For install, first thing after taking off the pedals and removing the crank was to remove the BB30 bearings. I bought the FSA tool off Amazon for about $5 and it worked find. Using the FSA tool and a punch, you can easily hammer them out. 

Next, for the Praxis BB install, I used a homemade press from information off these boards. One 12" threaded bar, some washers and bolts. Surprisingly, it worked really well and the install of the Praxis BB was easier than I thought. One note, if I ever needed to go back for some reason and install bearings again, this tool would not work. The bearings are pressed in about 2 mm inside the BB cup. With this tool, you would only be able to press them flush. I guess I could figure out ways around this, but for external BB's, this tool worked fine. Also, when you install this BB, you need two (2) BB tools to install it. You need the extra one to hold the non-drive threads while you tighten the drive cup. I bout the park tool BBT-9 wrench and the BBT-19 socket complete this. 

Next was the install of the new crank. It's fits in just fine. No washers are needed for the 6700 Ultegra crank. According to Praxis, the crank will be lined up perfectly once installed. Make sure the crank is pushed in all the way. I had to use a rubber mallet and gently tap on it to get it flush against the BB. You will know because the non-drive arm has that little black inset you push down into the crank arm. If you can't get it to go in, you know your not in far enough.

Finally, for the chain, instead of using a chain pin, I bought a master link and used that instead. For future, if ever need to take it off, using a master link is much easier. 

I included some pics of what it looks like and the tools I used.

Hope this helps anyone in the future that endeavors to install a Shimano crank on a BB30 frame. 

v/r

Ajost
2012 Cannondale Supersix 105


----------



## gus68 (Oct 19, 2010)

Just keep us posted on how it holds up to road gunk. The ease of dirt and grime causing the bb30 to creak is the biggest downside. I love the lively feel of the bb30 but it comes at a price. I know, I know the feel might be in my head. I do have an ultegra crank on my systemsix though.


----------



## macca33 (Oct 24, 2012)

Nice job mate. On one of my CAAD10s, I recently had my FSA SL-K Light crankset break, so have used a Wheels Mfg BB30-24mm adapter and installed some DA7800 cranks. The install was very easy - I installed new BB30 bearings, then pushed the adapter into them and installed the cranks - easy.

Best part is that they feel MUCH better than the FSA crankset - go figure.

cheers


----------



## Horze (Mar 12, 2013)

Now you have to worry about the Praxis conversion kit. You've simply offset the problem elsewhere.

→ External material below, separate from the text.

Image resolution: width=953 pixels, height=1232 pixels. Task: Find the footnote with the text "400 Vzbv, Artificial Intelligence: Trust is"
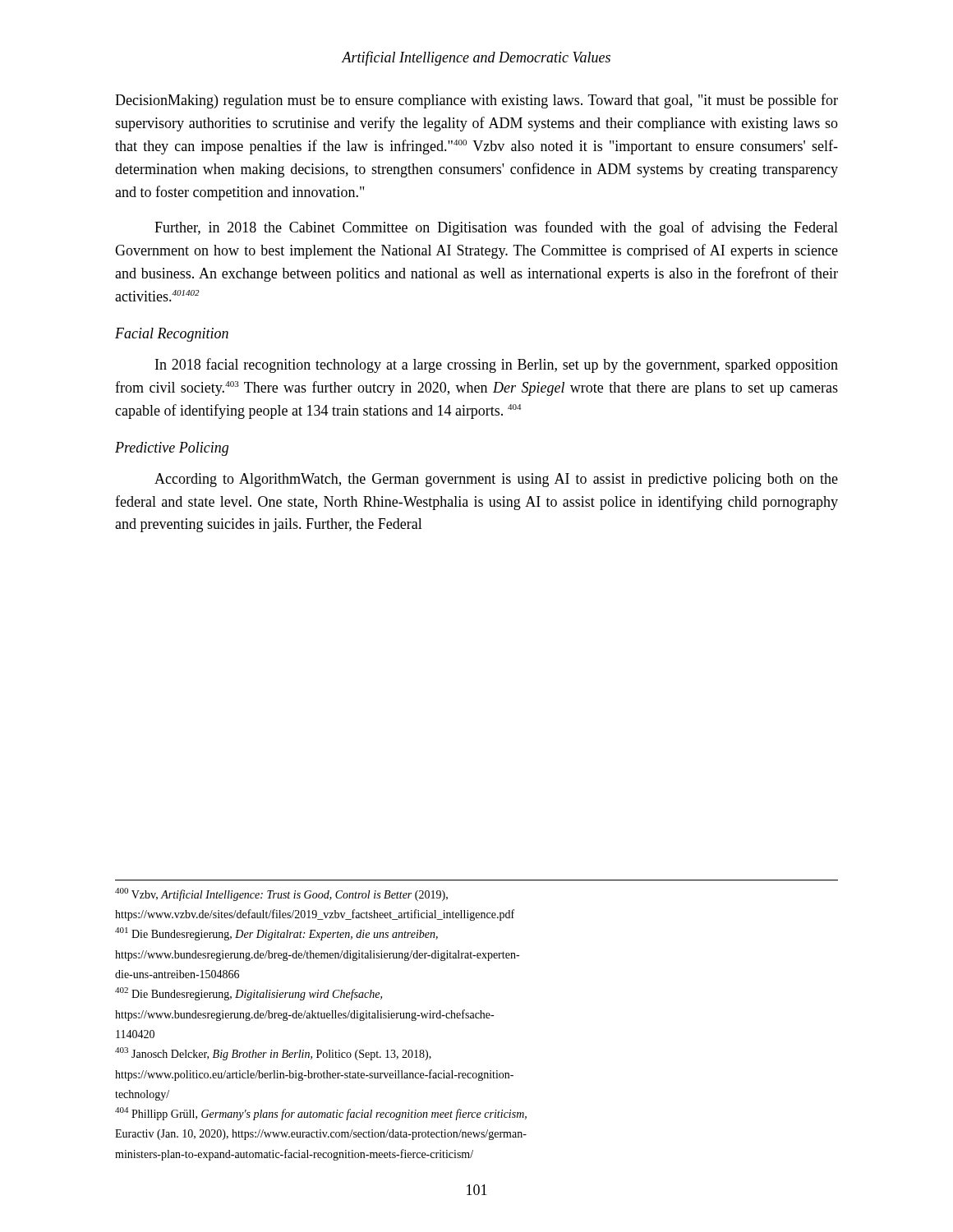(x=282, y=894)
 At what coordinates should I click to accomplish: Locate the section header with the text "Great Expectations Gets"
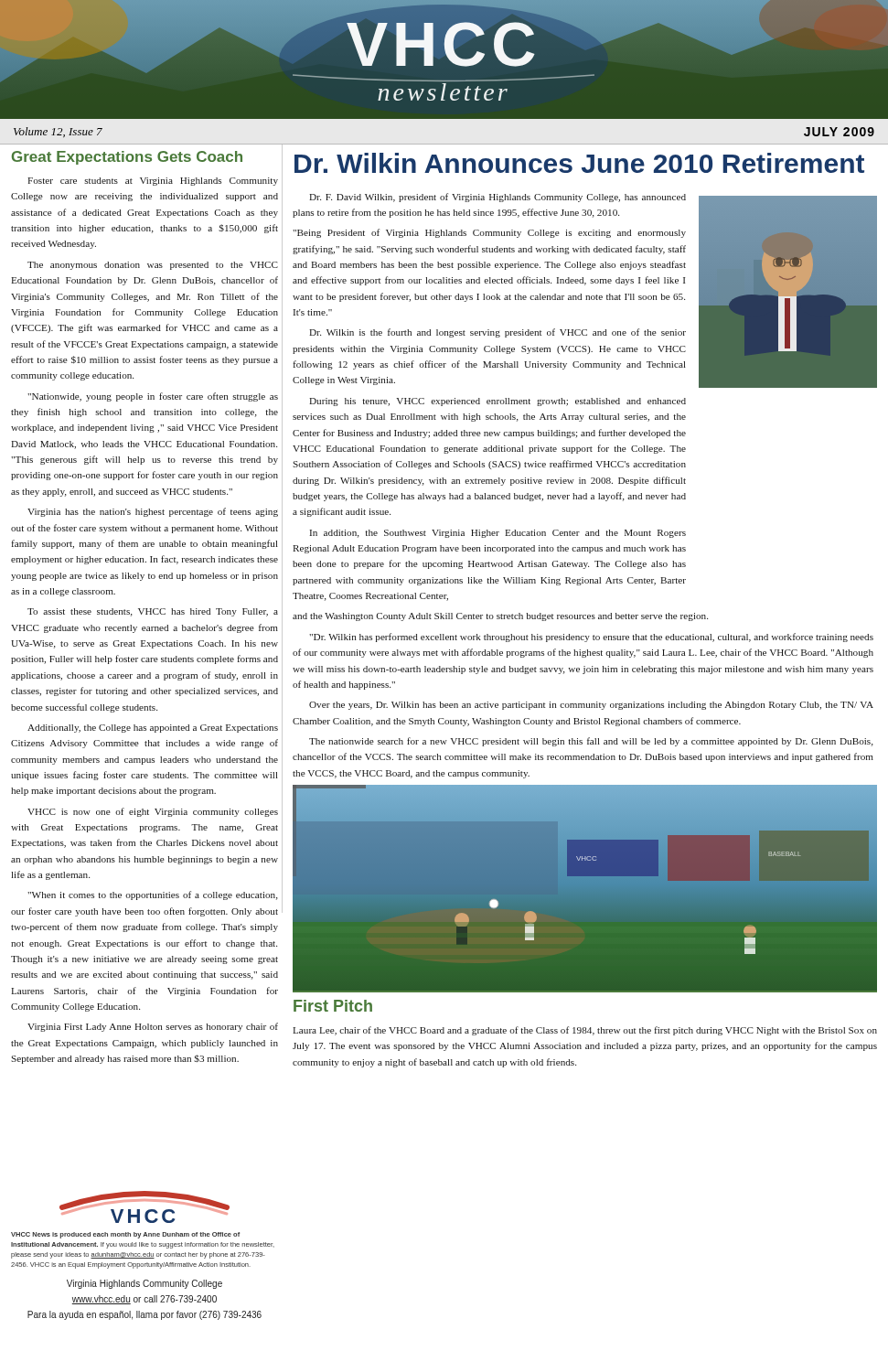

All this over-engineering is simply out of hand. Best solution by far is still a threaded BB. The worst aspect of any carbon frame is the BB.


----------



## disaster999 (Jan 28, 2013)

Im rocking enduro's adapter and its working fine for me so far. Its been a year with the adapter and I have no problem with dirt getting into the BB. I think its a much nicer and cheaper alternative to completely new BB conversion kits.


----------



## Ajost (May 27, 2012)

Thought I would give an update. Put about a 100 miles on it over the past week. No problems so far. Crank is smooth and quiet, shifting is fine.

I'll post again after about a 1000 miles to give a status on the BB.

v/r

Ajost
2012 Cannondale Supersix 105


----------